What employers and benefits administrations need to do now
These changes mean employers should prepare for increased employee reliance on workplace benefits plans. Employers may need to re-evaluate their benefits coverage to ensure they are reaching a balance between cost sustainability and meaningful support. Here are some key actions employers should take now:
Review your current plan design
Audit your current benefits plan immediately. If it reduces or ends coverage at age 65 for active employees, it is no longer compliant and must be updated. Work with your advisor to address any age-based limitations. Insurers have not yet confirmed how they will implement these changes, but we expect broad amendments to follow.
Reassess what your benefits are actually meant to cover
With potential shifts toward more private care, your plan may need to do more than it used to in order to achieve the intended outcomes. It’s therefore important to identify any gaps between public coverage and employee needs. It’s also necessary to understand if employees are already paying out-of-pocket for faster access to care - this can tell you where your plan might be falling short. With these changes at the public level, your benefits plan becomes access to care, not just supplementary coverage.

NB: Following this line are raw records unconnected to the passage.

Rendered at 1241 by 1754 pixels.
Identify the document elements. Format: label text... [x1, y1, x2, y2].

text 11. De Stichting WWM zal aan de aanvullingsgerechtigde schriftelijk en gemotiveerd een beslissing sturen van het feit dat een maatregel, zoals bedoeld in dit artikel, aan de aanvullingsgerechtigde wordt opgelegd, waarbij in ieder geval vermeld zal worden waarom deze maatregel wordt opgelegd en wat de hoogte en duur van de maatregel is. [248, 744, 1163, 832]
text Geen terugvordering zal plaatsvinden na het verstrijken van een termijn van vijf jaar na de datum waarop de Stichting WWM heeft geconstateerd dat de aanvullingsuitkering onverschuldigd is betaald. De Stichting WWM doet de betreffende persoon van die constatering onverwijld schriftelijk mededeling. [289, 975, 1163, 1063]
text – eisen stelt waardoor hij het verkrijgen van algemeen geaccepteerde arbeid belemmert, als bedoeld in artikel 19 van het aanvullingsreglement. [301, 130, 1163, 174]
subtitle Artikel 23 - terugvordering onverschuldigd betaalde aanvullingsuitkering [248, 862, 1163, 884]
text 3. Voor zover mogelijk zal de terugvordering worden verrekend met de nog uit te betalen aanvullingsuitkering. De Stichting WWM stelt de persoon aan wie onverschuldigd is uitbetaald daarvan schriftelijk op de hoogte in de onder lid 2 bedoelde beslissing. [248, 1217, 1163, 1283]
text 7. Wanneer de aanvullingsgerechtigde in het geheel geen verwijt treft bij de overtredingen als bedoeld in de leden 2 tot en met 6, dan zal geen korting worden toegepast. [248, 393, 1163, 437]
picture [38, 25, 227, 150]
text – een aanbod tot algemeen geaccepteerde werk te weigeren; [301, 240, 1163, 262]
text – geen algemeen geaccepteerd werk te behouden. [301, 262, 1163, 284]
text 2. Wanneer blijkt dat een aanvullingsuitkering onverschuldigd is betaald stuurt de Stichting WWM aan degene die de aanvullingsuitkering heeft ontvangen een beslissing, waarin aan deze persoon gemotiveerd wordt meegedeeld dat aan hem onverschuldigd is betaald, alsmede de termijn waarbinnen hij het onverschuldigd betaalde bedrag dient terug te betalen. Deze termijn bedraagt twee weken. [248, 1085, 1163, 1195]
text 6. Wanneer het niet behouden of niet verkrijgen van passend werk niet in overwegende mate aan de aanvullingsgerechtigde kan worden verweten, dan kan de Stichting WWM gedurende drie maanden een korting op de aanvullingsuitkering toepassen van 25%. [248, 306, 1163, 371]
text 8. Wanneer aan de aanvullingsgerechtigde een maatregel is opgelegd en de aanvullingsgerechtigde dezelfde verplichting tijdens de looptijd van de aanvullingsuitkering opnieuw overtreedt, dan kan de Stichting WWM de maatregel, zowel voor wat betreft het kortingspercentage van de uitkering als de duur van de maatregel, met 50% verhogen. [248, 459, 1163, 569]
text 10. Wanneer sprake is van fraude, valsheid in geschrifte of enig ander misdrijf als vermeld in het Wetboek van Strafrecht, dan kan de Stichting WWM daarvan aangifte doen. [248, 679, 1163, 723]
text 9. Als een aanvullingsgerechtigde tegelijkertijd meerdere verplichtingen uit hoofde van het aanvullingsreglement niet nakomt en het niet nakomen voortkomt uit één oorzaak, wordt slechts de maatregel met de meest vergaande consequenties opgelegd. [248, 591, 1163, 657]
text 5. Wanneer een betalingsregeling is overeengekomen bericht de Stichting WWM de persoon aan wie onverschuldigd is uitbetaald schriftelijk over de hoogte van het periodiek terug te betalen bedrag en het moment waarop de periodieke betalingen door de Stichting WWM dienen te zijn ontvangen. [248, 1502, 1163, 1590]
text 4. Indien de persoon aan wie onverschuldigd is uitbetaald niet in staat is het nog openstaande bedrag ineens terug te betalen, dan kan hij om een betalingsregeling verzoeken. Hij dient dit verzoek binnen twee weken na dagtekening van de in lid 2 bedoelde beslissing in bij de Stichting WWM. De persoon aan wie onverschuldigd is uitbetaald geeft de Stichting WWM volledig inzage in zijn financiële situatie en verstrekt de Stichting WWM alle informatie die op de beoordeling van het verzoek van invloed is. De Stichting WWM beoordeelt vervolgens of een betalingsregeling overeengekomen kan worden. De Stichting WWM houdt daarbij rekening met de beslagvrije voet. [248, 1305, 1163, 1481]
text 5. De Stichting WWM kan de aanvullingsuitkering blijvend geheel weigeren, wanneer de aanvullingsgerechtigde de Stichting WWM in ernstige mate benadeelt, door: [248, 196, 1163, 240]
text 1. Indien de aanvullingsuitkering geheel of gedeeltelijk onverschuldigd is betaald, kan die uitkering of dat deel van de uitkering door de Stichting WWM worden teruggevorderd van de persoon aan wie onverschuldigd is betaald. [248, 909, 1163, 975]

Use date more intentionally
Data can help you make smarter, more sustainable decisions. Speak to your advisor about analysing your plan data to better understand claim trends, underused benefits and gaps in coverage compared to actual need. This can help you make targeted adjustments rather than broad costs.
Proactively prepare for cost increases
Costs may rise as coverage expands, utilization increases and expectations shift. Running cost projections with your advisor can help you be more prepared for these changes. You can identify areas of high or growing claims and explore cost management strategies before renewal pressure hits.

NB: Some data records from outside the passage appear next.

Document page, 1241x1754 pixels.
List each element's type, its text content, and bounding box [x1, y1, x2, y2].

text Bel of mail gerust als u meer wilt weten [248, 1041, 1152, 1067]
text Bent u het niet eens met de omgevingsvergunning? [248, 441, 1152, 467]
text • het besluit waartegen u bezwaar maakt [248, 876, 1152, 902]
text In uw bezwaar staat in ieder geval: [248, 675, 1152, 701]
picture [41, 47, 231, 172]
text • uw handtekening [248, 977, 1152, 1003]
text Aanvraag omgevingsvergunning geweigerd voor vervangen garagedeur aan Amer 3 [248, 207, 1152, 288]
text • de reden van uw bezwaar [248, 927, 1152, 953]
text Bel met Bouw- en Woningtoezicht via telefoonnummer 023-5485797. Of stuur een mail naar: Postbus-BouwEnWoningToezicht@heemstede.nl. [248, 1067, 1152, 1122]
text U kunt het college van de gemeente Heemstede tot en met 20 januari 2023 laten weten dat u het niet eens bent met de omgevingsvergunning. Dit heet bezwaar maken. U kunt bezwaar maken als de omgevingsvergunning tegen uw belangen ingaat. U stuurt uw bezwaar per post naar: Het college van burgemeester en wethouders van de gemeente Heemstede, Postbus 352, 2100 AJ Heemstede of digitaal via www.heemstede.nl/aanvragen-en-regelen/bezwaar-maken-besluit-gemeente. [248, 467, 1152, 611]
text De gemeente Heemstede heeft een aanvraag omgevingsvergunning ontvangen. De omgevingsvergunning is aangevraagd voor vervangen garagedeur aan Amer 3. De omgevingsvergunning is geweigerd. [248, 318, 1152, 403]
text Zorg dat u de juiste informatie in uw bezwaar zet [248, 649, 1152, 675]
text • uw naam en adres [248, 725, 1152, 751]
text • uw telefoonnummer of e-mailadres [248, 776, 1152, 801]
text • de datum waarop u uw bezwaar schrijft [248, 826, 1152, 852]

Communicate clearly with employees
Changes in the healthcare system can create confusion and anxiety. You can help reduce worry by helping employees understand, in clear, simple terms, what’s actually changing and why it matters to them. This is another opportunity to clarify what your benefits do and do not cover, as well as reinforce how employees can access care. Clarification can reduce misuse or frustration that might come from misunderstanding how the system has changed, helping you build trust with your employees.
Think beyond the plan
Benefits alone don’t solve everything, especially as access to care becomes more complex. Consider what other programs you can offer your employees so that benefits become just one part of a broader wellness support system. Your advisor can support you with strategy as you build out your wellness offerings.

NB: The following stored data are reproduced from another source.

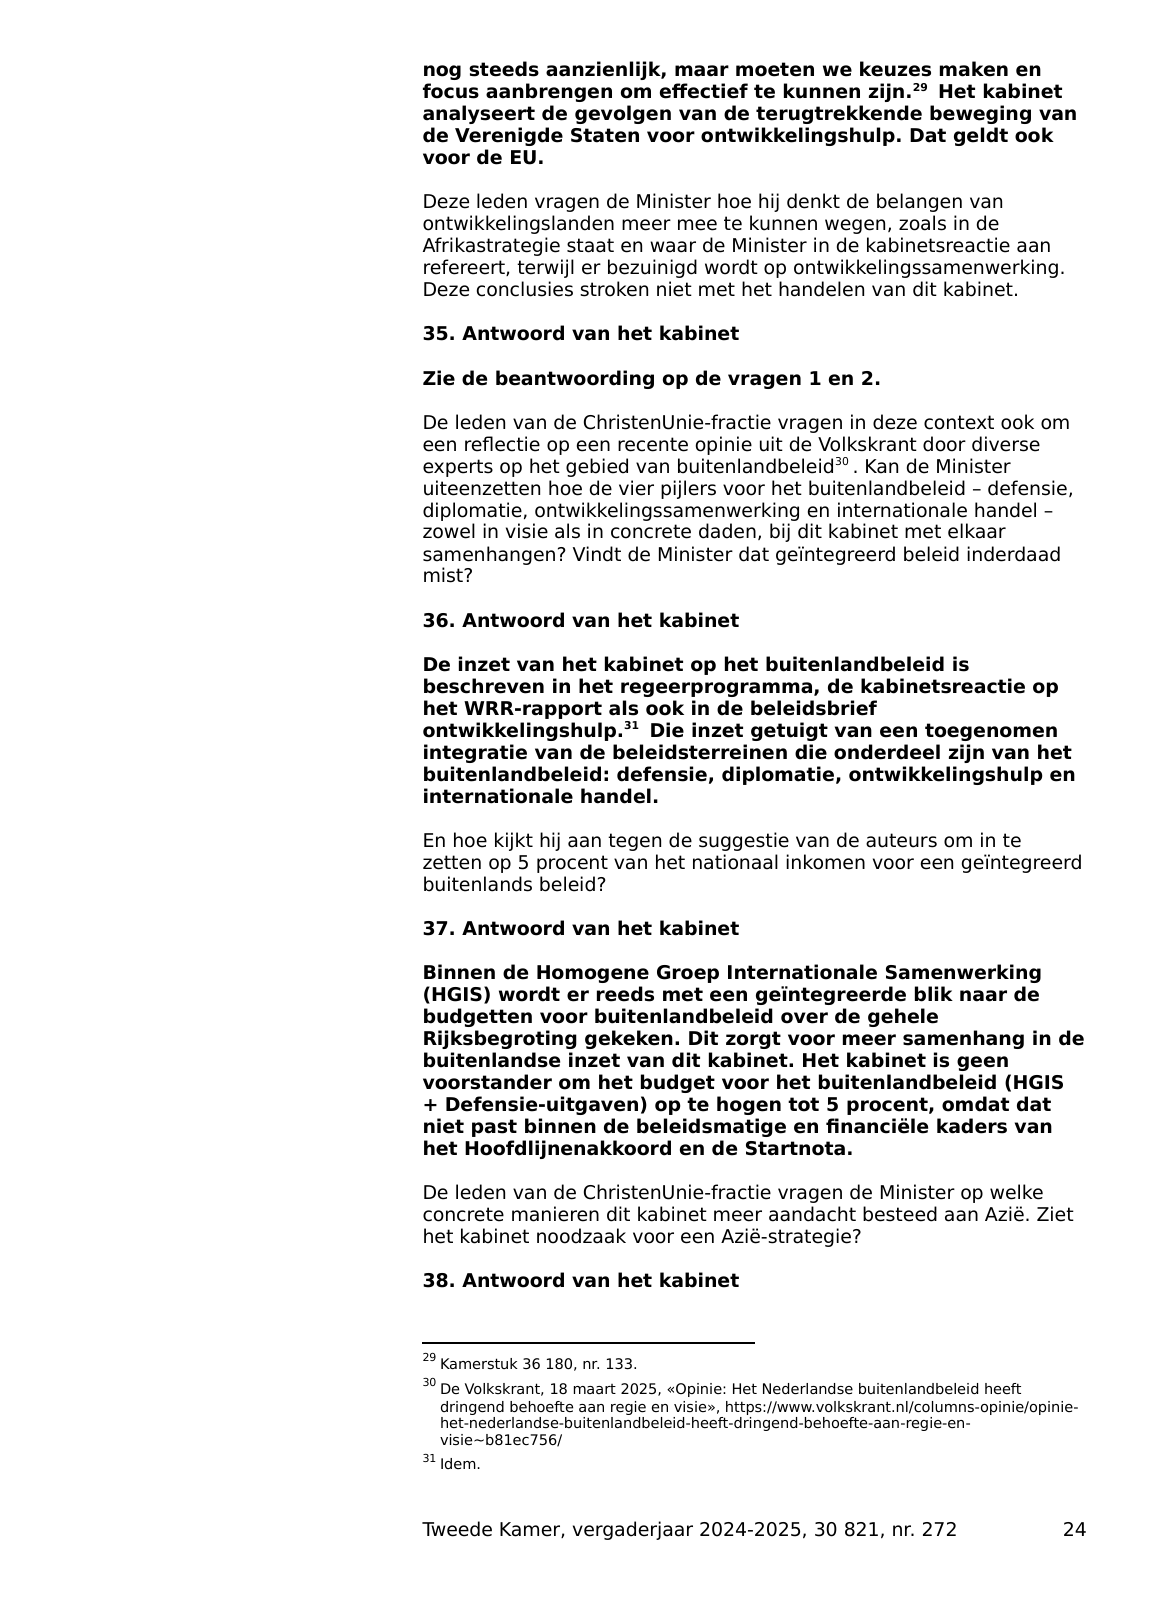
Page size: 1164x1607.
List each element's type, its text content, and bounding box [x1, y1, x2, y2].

text 36. Antwoord van het kabinet [422, 609, 1087, 632]
text Kamerstuk 36 180, nr. 133. [422, 1352, 1087, 1374]
text Zie de beantwoording op de vragen 1 en 2. [422, 367, 1087, 389]
text En hoe kijkt hij aan tegen de suggestie van de auteurs om in te zetten op 5 procent van het nationaal inkomen voor een geïntegreerd buitenlands beleid? [422, 830, 1087, 896]
text 35. Antwoord van het kabinet [422, 323, 1087, 345]
text De inzet van het kabinet op het buitenlandbeleid is beschreven in het regeerprogramma, de kabinetsreactie op het WRR-rapport als ook in de beleidsbrief ontwikkelingshulp. Die inzet getuigt van een toegenomen integratie van de beleidsterreinen die onderdeel zijn van het buitenlandbeleid: defensie, diplomatie, ontwikkelingshulp en internationale handel. [422, 654, 1087, 808]
text De leden van de ChristenUnie-fractie vragen de Minister op welke concrete manieren dit kabinet meer aandacht besteed aan Azië. Ziet het kabinet noodzaak voor een Azië-strategie? [422, 1182, 1087, 1248]
text Binnen de Homogene Groep Internationale Samenwerking (HGIS) wordt er reeds met een geïntegreerde blik naar de budgetten voor buitenlandbeleid over de gehele Rijksbegroting gekeken. Dit zorgt voor meer samenhang in de buitenlandse inzet van dit kabinet. Het kabinet is geen voorstander om het budget voor het buitenlandbeleid (HGIS + Defensie-uitgaven) op te hogen tot 5 procent, omdat dat niet past binnen de beleidsmatige en financiële kaders van het Hoofdlijnenakkoord en de Startnota. [422, 962, 1087, 1160]
text Idem. [422, 1452, 1087, 1474]
text Deze leden vragen de Minister hoe hij denkt de belangen van ontwikkelingslanden meer mee te kunnen wegen, zoals in de Afrikastrategie staat en waar de Minister in de kabinetsreactie aan refereert, terwijl er bezuinigd wordt op ontwikkelingssamenwerking. Deze conclusies stroken niet met het handelen van dit kabinet. [422, 191, 1087, 301]
text De Volkskrant, 18 maart 2025, «Opinie: Het Nederlandse buitenlandbeleid heeft dringend behoefte aan regie en visie», https://www.volkskrant.nl/columns-opinie/opinie-het-nederlandse-buitenlandbeleid-heeft-dringend-behoefte-aan-regie-en-visie~b81ec756/ [422, 1377, 1087, 1449]
text 37. Antwoord van het kabinet [422, 918, 1087, 940]
text nog steeds aanzienlijk, maar moeten we keuzes maken en focus aanbrengen om effectief te kunnen zijn. Het kabinet analyseert de gevolgen van de terugtrekkende beweging van de Verenigde Staten voor ontwikkelingshulp. Dat geldt ook voor de EU. [422, 59, 1087, 169]
text 38. Antwoord van het kabinet [422, 1270, 1087, 1292]
text De leden van de ChristenUnie-fractie vragen in deze context ook om een reflectie op een recente opinie uit de Volkskrant door diverse experts op het gebied van buitenlandbeleid. Kan de Minister uiteenzetten hoe de vier pijlers voor het buitenlandbeleid – defensie, diplomatie, ontwikkelingssamenwerking en internationale handel – zowel in visie als in concrete daden, bij dit kabinet met elkaar samenhangen? Vindt de Minister dat geïntegreerd beleid inderdaad mist? [422, 412, 1087, 587]
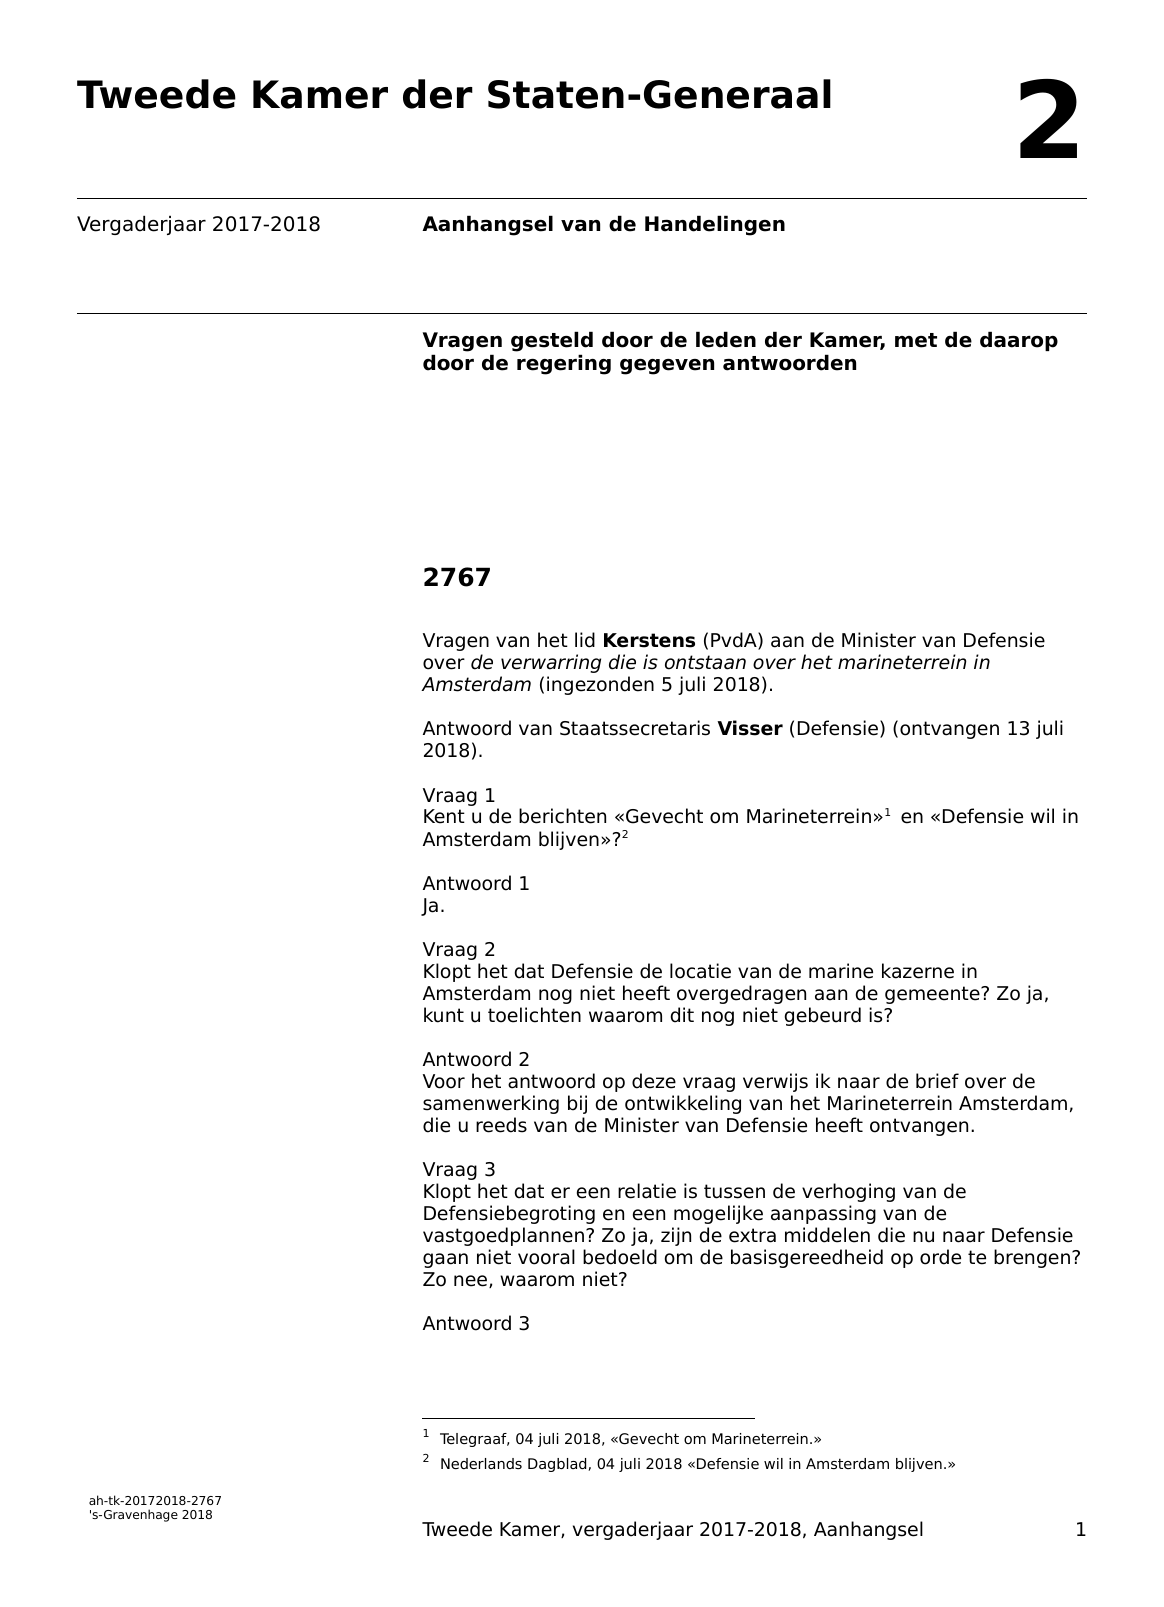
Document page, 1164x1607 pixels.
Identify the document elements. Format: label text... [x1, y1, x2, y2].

text Antwoord 1 [422, 873, 1087, 894]
table_cell Vragen gesteld door de leden der Kamer, met de daarop door de regering gegeven antwoorden [422, 314, 1087, 375]
text Voor het antwoord op deze vraag verwijs ik naar de brief over de samenwerking bij de ontwikkeling van het Marineterrein Amsterdam, die u reeds van de Minister van Defensie heeft ontvangen. [422, 1071, 1087, 1137]
text Antwoord van Staatssecretaris Visser (Defensie) (ontvangen 13 juli 2018). [422, 718, 1087, 762]
table_cell Aanhangsel van de Handelingen [422, 199, 1087, 313]
table_cell Vergaderjaar 2017-2018 [77, 199, 422, 313]
text Klopt het dat Defensie de locatie van de marine kazerne in Amsterdam nog niet heeft overgedragen aan de gemeente? Zo ja, kunt u toelichten waarom dit nog niet gebeurd is? [422, 961, 1087, 1027]
text Klopt het dat er een relatie is tussen de verhoging van de Defensiebegroting en een mogelijke aanpassing van de vastgoedplannen? Zo ja, zijn de extra middelen die nu naar Defensie gaan niet vooral bedoeld om de basisgereedheid op orde te brengen? Zo nee, waarom niet? [422, 1181, 1087, 1291]
text Kent u de berichten «Gevecht om Marineterrein» en «Defensie wil in Amsterdam blijven»? [422, 806, 1087, 850]
text Vraag 1 [422, 784, 1087, 806]
text Nederlands Dagblad, 04 juli 2018 «Defensie wil in Amsterdam blijven.» [422, 1452, 1087, 1474]
text Telegraaf, 04 juli 2018, «Gevecht om Marineterrein.» [422, 1427, 1087, 1449]
table_header Tweede Kamer der Staten-Generaal [77, 59, 886, 198]
text Vraag 2 [422, 939, 1087, 961]
text Antwoord 2 [422, 1049, 1087, 1071]
text 's-Gravenhage 2018 [88, 1508, 323, 1522]
text Ja. [422, 894, 1087, 917]
text Vragen van het lid Kerstens (PvdA) aan de Minister van Defensie over de verwarring die is ontstaan over het marineterrein in Amsterdam (ingezonden 5 juli 2018). [422, 630, 1087, 696]
text Vraag 3 [422, 1159, 1087, 1181]
text ah-tk-20172018-2767 [88, 1494, 323, 1508]
text 2767 [422, 563, 1087, 592]
text Antwoord 3 [422, 1313, 1087, 1335]
table_header 2 [886, 59, 1087, 198]
table_cell [77, 314, 422, 375]

Why are we seeing more conversations around Bill 11 right now? Although the bill was passed in December 2025, full implementation is expected by this summer, and its real impact is only just starting to surface. Bills don’t change reality overnight. Once passed, regulations get clarified, systems start adjusting, providers begin responding and then employers start seeing real implications. Spring is also when many employers are having renewal discussions, reviewing their benefits and looking at rising costs, meaning that for many, Bill 11 is no longer theoretical, it’s showing up in real financial decisions.
Benefits plans were never meant to be static, but policy changes like Alberta Bill 11, Health Statutes Amendment Act, 2025 (No. 2) make that clearer than ever. There’s an opportunity – and even more reason – to design smarter, more responsive benefits plans that offer support that truly evolves alongside both your employees and the wider healthcare system. The organizations that navigate this shift best won’t be the ones with the biggest plans – they’ll be the ones paying the closest attention.